L’étude sera terminée à la fin de l’année et les résultats chiffrés seront alors accessibles sur le site du CHU de Grenoble.
Perspectives
Demain, l’enjeu sera de développer ces systèmes au niveau des bassins de santé afin que le plus grand nombre de patients en bénéficie, insuffisants rénaux certes ; mais aussi, porteurs d’autres pathologies ; voire de multipathologies. En effet, la gestion commune de bases de données de patients et l’aide de systèmes experts devraient permettre de suivre plus rapidement et plus exhaustivement, de manière protocolisée, des cohortes plus importantes de patients. L’équipe pourra ainsi réserver du temps aux patients repérés comme « évolueurs » ou « à risque » et promouvoir l’éducation en santé. S’engager dans cette voie nécessite une redéfinition des tâches au sein de l’équipe. Il faut aussi envisager des délégations de compétences et former les soignants à ce mode innovant de prise en charge.
D’où la nécessité de trouver des crédits de recherche plus importants et plus pérennes, condition sine qua non d’un réel changement d’échelle. De telles évolutions ne peuvent se faire sans le soutien de l’Agence Régionale en santé et sans l’implication des opérateurs intéressés par une vraie logique de capitalisation et d’industrialisation.
Le Pr Zaoui envisage aussi de s’appuyer sur le rôle de précurseur que joue le CHU de Grenoble en matière d’e-santé et des liens créés avec Calydial pour créer une start up qui valorisera et modélisera le savoir faire acquis en matière de télésuivi des malades chroniques.
L’insuffisance rénale en France
2 millions d’Insuffisants rénaux sont déclarés en France. Le coût annuel avant la dialyse est en moyenne de 8 000 euros. Leur prise en charge poursuit un triple objectif : stabiliser sans dialyse le plus grand nombre, au stade de la dialyse réussir à les maintenir à domicile et quand une greffe s’avère nécessaire, accélérer sa réalisation.

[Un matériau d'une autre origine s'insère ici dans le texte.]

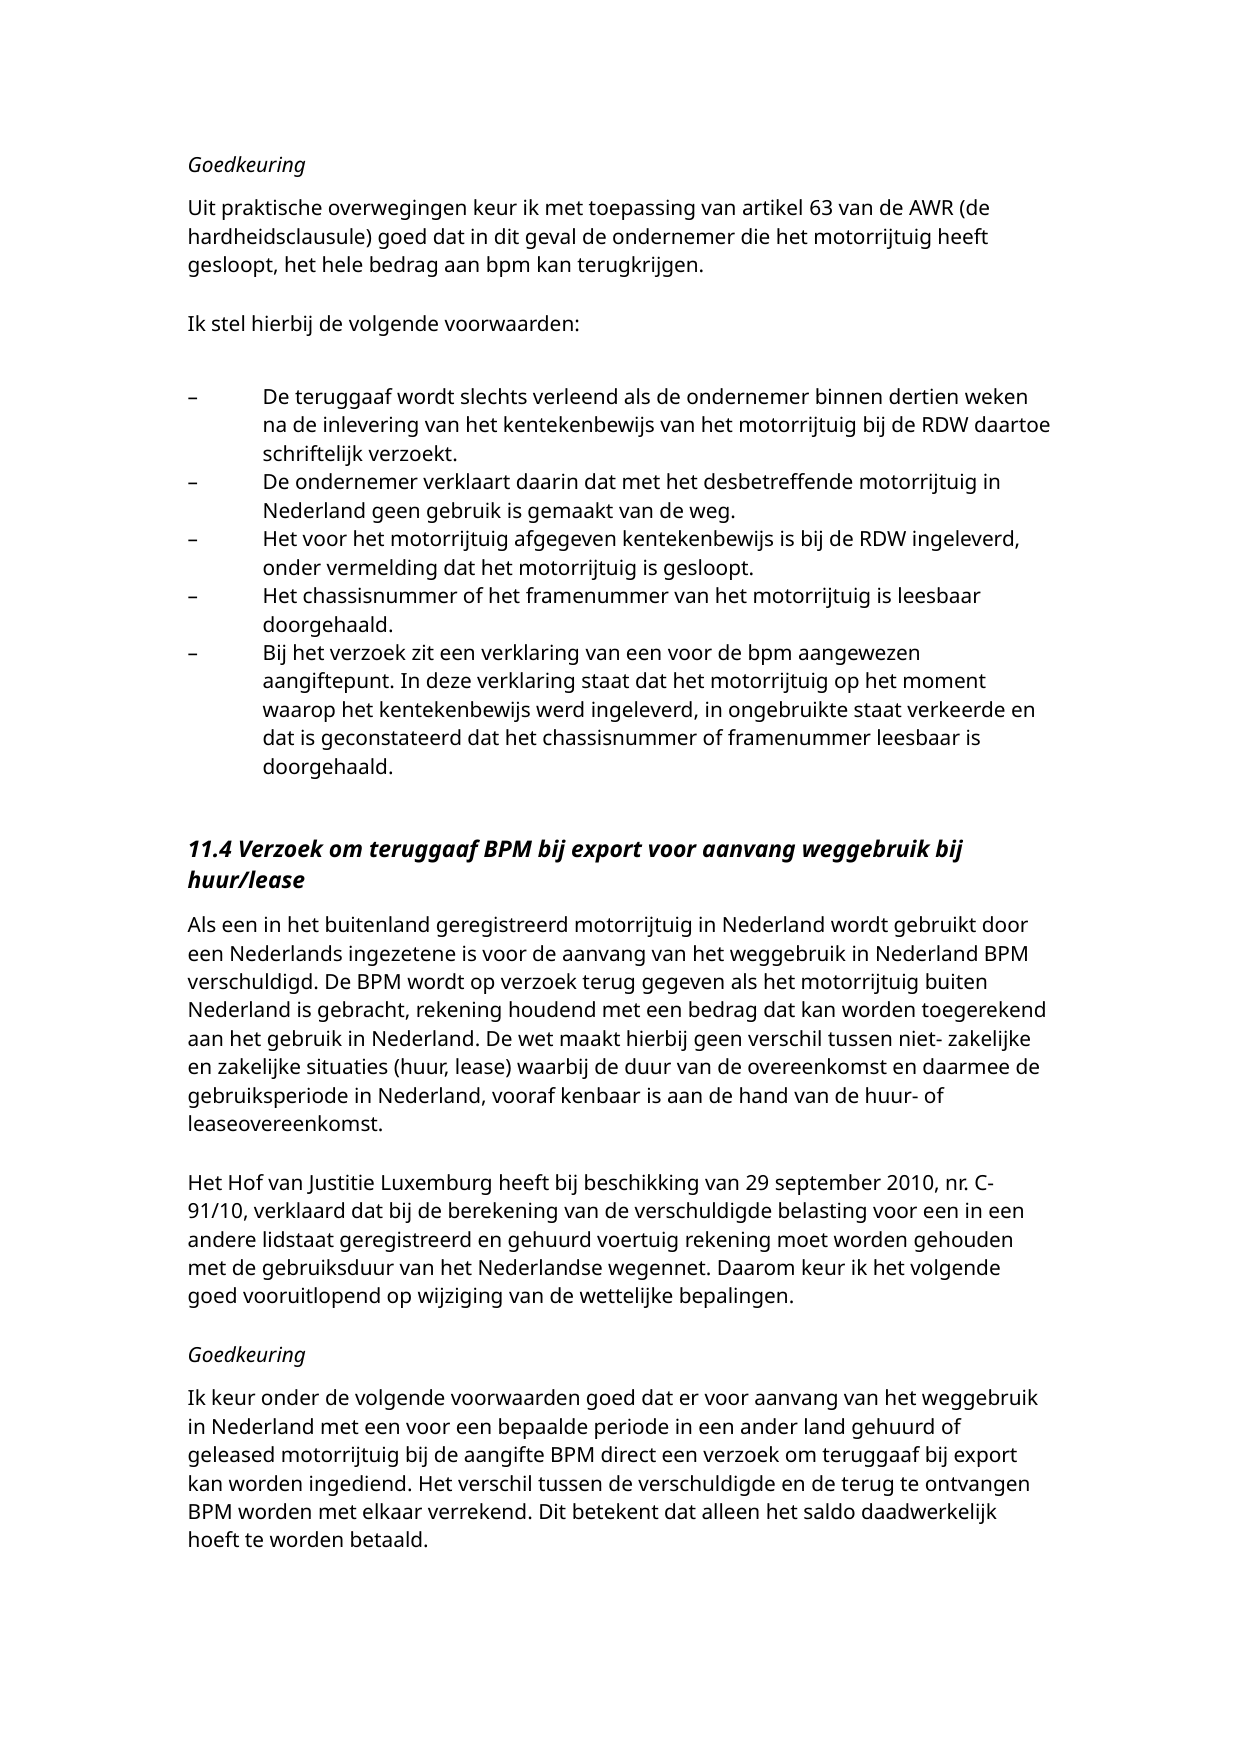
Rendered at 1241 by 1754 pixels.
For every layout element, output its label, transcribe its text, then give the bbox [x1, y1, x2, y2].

75 000 personnes sont en dialyse ou porteurs d’une greffe rénale. A ce stade, leur prise en charge coûte à l’année : 81 449 euros pour une personne dialysée et d’environ 20.000 euros pour la réalisation d’une transplantation rénale. Pour éviter ou différer ces traitements extrêmes, il est urgent de développer la prévention auprès des plus de 50 ans. 10% d’entre eux – soit 3,5 millions de personnes – sont des malades rénaux chroniques qui s’ignorent car cette pathologie évolue silencieusement ; d’où l’intérêt d’un repérage efficace de ces patients et d’un suivi régulier de leur état de santé.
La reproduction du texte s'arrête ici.